INFO: www.burningman.com

testimonianza
«è un viaggio dentro se stessi»
«È un’esperienza unica, che non si può paragonare a nessun’altra» racconta Alessandro Franchini, tarantino trapiantato a Milano, project manager in una società di servizi. «Ne ho sentito parlare per la prima volta nel 2000, durante un soggiorno negli Stati Uniti, ma non avevo mai avuto il coraggio di andarci. Fino a due anni fa, quando con un’amica ho partecipato per la prima volta all’evento.

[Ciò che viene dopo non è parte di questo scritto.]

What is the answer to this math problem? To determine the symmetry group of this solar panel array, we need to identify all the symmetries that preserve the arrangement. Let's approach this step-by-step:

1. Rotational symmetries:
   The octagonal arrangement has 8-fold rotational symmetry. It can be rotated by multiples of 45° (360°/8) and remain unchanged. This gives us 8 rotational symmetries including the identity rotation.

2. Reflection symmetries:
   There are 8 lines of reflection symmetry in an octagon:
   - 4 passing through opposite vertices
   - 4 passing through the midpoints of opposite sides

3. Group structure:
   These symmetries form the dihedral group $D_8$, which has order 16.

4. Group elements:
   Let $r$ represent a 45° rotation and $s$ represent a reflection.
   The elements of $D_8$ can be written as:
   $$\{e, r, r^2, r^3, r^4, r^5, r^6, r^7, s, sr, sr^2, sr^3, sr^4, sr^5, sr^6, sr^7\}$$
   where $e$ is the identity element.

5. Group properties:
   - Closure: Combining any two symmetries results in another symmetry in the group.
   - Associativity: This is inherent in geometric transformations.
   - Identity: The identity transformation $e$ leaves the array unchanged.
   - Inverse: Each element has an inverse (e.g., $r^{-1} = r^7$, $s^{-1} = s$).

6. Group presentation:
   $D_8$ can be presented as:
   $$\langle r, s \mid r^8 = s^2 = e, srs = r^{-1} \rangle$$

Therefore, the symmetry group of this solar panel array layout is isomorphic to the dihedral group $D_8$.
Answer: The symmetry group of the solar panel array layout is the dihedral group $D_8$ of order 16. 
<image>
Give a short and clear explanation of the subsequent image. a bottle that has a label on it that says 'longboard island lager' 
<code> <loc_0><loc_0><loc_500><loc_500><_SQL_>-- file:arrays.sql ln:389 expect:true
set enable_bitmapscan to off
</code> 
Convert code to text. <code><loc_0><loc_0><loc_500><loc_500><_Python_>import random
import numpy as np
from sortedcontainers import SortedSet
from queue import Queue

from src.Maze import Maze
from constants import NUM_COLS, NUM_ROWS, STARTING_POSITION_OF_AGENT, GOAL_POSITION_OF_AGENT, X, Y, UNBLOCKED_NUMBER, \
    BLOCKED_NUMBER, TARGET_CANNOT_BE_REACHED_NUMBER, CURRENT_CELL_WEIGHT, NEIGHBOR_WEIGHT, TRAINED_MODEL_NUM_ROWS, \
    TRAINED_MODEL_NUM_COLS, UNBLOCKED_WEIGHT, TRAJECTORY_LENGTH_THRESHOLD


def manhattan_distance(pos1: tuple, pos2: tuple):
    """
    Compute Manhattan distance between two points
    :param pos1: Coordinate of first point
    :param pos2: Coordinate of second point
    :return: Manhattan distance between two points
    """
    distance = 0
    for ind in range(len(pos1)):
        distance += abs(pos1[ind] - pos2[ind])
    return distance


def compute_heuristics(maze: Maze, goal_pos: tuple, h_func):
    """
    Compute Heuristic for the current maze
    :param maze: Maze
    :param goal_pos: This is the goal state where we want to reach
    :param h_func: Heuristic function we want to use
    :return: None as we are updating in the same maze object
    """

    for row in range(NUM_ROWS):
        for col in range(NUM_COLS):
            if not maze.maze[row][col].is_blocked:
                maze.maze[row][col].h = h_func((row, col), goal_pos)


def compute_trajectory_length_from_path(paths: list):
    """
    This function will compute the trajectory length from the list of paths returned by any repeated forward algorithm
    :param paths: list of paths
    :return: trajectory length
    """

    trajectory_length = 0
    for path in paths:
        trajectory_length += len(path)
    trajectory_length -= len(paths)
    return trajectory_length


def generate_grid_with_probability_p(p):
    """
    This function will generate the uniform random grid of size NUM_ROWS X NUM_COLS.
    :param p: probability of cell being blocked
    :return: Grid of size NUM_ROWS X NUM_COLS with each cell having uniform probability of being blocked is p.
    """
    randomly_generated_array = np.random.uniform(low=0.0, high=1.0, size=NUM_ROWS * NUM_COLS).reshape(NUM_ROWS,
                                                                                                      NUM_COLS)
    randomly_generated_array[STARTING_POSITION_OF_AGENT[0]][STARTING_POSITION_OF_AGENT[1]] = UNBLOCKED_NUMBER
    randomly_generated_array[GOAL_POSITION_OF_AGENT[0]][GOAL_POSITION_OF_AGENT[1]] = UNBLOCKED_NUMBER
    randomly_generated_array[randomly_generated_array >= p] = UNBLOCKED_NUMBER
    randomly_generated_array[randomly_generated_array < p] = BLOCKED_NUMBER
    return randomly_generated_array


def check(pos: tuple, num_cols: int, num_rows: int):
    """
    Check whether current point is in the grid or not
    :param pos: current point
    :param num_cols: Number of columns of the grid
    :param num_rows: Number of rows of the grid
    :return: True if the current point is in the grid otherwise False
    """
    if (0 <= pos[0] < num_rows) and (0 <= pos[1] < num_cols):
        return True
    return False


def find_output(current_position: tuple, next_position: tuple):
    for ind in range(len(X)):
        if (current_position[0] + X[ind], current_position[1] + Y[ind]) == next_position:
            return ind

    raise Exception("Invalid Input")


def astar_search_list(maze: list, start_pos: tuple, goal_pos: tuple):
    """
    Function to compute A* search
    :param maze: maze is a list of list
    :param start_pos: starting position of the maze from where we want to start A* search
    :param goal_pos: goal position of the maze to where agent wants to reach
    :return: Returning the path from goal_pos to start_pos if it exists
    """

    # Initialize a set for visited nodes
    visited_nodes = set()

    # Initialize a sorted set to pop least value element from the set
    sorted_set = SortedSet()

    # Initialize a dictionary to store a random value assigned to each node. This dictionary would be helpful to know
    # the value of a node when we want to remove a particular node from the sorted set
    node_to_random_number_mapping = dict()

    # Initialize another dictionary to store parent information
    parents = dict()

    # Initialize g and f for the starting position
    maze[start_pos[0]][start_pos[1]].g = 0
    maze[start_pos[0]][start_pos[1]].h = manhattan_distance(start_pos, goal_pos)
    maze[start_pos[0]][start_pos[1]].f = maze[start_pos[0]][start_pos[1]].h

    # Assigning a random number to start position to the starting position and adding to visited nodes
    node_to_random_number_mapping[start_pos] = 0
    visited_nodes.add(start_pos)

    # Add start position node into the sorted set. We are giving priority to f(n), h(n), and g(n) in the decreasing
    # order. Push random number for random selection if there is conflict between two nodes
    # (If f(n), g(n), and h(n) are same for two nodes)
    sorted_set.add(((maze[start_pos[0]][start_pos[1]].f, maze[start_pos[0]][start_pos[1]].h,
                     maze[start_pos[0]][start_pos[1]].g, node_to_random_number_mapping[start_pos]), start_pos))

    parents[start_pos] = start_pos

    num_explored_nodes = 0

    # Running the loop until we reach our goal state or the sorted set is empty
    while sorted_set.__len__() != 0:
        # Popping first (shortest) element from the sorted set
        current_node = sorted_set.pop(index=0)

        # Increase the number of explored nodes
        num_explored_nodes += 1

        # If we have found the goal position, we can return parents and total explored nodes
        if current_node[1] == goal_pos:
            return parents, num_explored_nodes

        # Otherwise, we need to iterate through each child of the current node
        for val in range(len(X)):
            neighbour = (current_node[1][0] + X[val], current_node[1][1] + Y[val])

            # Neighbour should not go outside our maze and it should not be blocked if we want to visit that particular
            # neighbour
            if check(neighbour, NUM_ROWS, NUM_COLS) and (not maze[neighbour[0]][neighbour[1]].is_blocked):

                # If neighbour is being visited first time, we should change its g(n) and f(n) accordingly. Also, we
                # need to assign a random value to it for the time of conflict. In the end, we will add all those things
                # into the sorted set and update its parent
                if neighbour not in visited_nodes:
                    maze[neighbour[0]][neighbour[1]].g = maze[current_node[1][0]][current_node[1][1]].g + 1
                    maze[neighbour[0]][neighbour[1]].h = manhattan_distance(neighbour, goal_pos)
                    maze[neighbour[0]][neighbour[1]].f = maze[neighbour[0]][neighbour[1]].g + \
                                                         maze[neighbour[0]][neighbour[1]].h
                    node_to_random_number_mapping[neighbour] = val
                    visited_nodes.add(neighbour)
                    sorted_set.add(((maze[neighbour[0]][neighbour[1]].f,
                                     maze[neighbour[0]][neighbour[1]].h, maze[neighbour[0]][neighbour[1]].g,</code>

È stata un’emozione a 360 gradi, così sono ritornato una seconda volta. Il senso di comunità e di condivisione che si vive in quella settimana è molto forte. Immaginate di poter fare tutto quello che volete, senza limiti o censure. Si può ballare, travestirsi, pregare, spogliarsi, fare l’amore. Il tutto nello spirito della gift economy, l’idea di donare qualcosa agli altri senza aspettarsi niente in cambio. Chi sa fare i massaggi può massaggiare, chi sa ballare la salsa può improvvisare una scuola di ballo. C’è chi organizza sedute di yoga, chi apre laboratori di tatuaggi, chi offre da bere e da mangiare. E quando si torna non si è più gli stessi. Quando ho ripreso la mia vita a Milano, i primi tempi andavo in metropolitana e sorridevo alla gente. La mia amica, tornando, ha avuto la forza di licenziarsi. Il viaggio per il Burning Man è un viaggio dentro se stessi».